Feature Construction

The Features of Relative Amino Acid Composition

As the basic element of proteins, amino acids play vital roles in determining the protein folding into a specific structure. However, all residues in a protein are not equally important. Some are essential for constructing stable structure and function of the proteins, while others can be readily replaced. The sequence of amino acids determines protein’s activity and function. Given the importance of the amino acids, the features of amino acid composition has been widely used in mathematically describing protein structures and functions (Wei et al., 2017; Zhang et al., 2017a).

The features of amino acid composition is quantified as relative differences between secretory proteins and non-secretory proteins. We compute relative amino acid composition (RAAC) using Composition Profiler (Vacic et al., 2007). Specifically, we calculate RAAC for secretory proteins against Swiss-Prot database and secretory proteins against non-secretory proteins.

The Features of Secondary Structure

The secondary structure involves protein tertiary structure and function sites. The proteins, which are enriched with folds, are usually in a stable arrangement. Although molecular evolution in families of related proteins tend to form similar structures, it may eliminate some similarities on sequence or peptide motifs (Wink, 2018). This gives rise to the proteins belong to the same families with similar secondary structures because they all diverge from a common ancestor.
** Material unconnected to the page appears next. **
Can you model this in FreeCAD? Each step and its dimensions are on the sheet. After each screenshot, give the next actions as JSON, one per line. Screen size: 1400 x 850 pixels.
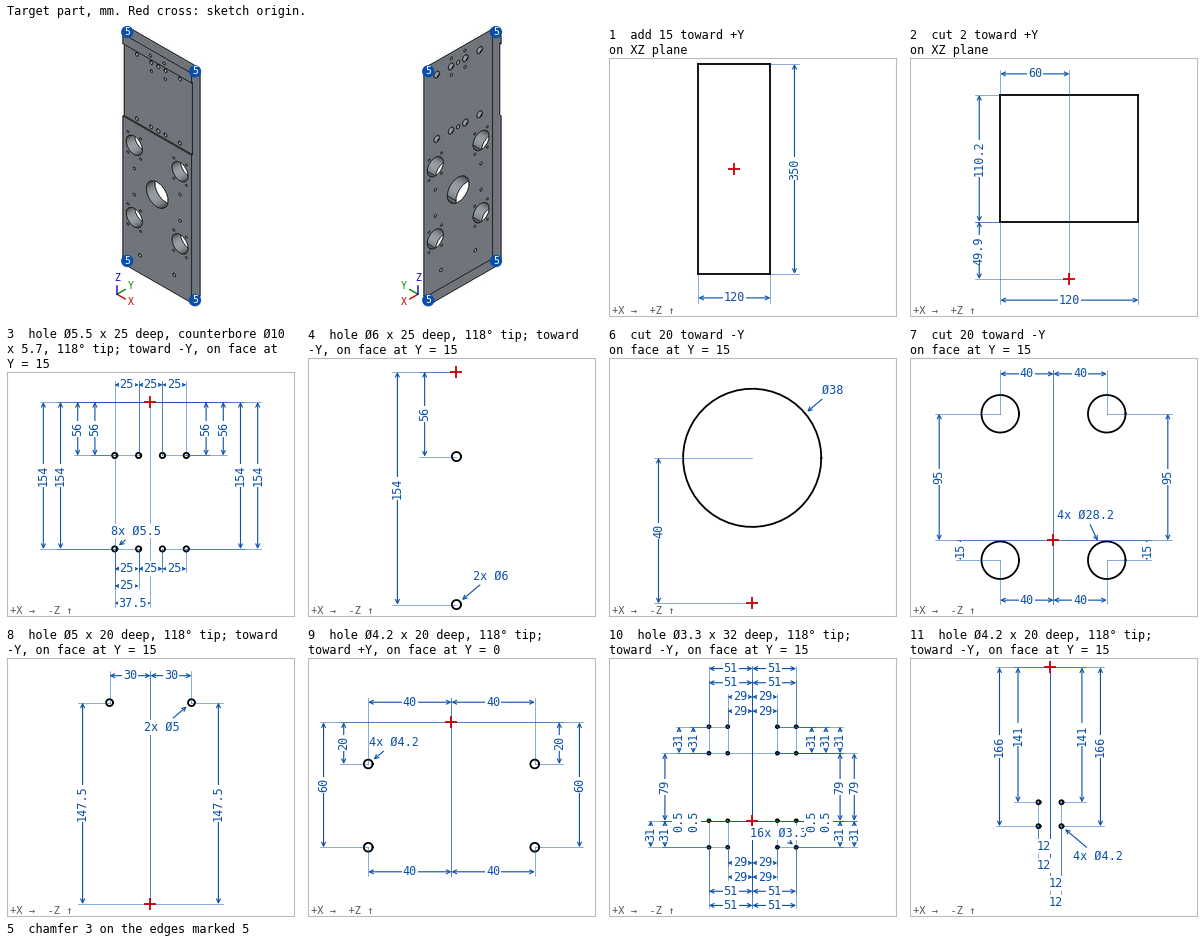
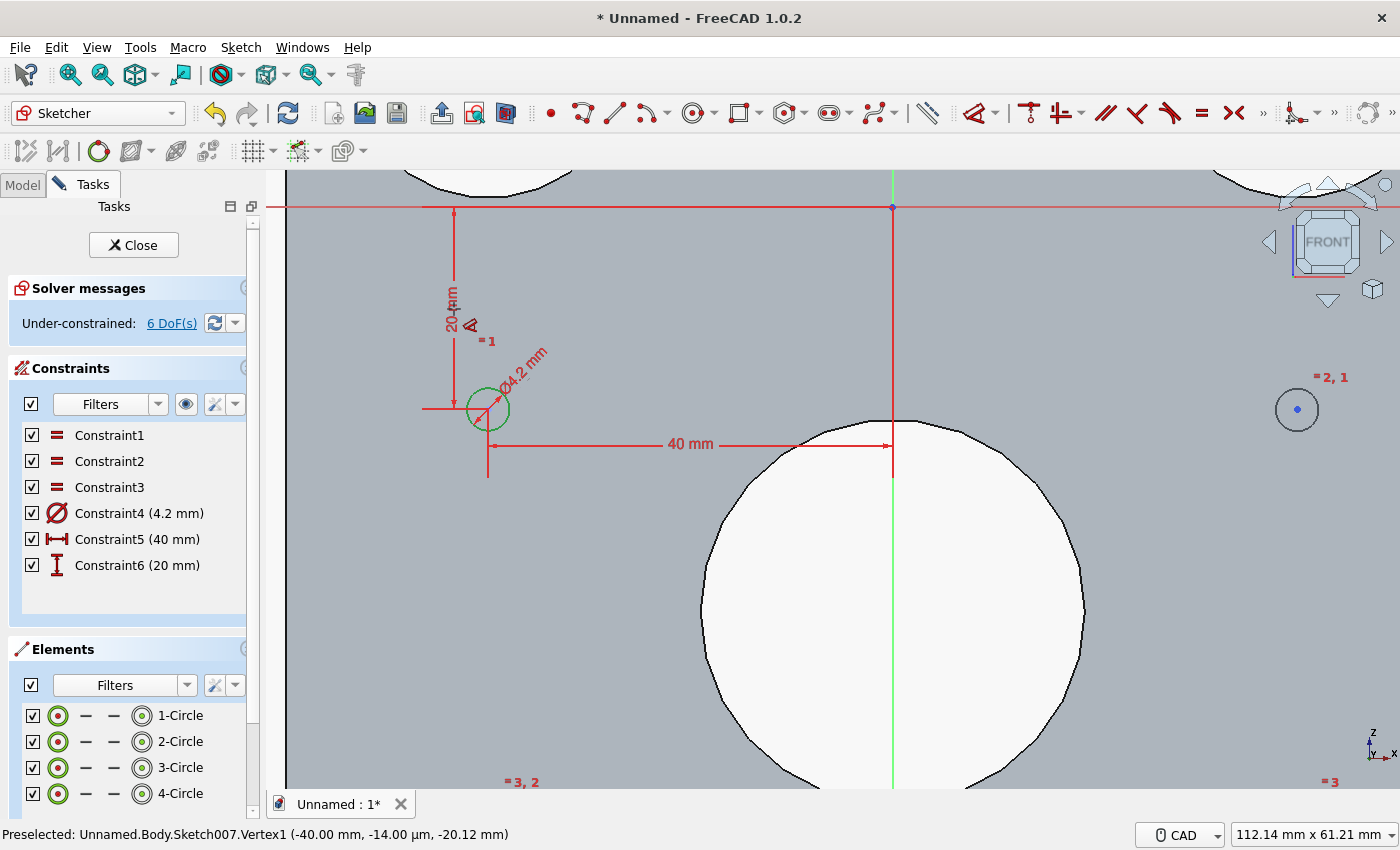
{"action": "scroll", "coordinate": [504, 395], "scroll_direction": "down", "scroll_amount": 2}

Besides secondary structure elements, some proteins show propensities on certain super-secondary structure motifs (Koch and Schaefer, 2018). For instance, “β-α-β” is a typical common super-secondary structure. The central α helix connects the C-termini of the first β strand, and the N-termini of the second β strand. This results packing its side chains against the β strand and therefore shielding the hydrophobic residues of the β strands from the surface (MacCarthy and Perry, 2019). Here, we introduce the features of secondary structure (SS), which contains both putative secondary structure probabilities as well as local super-secondary structure motifs.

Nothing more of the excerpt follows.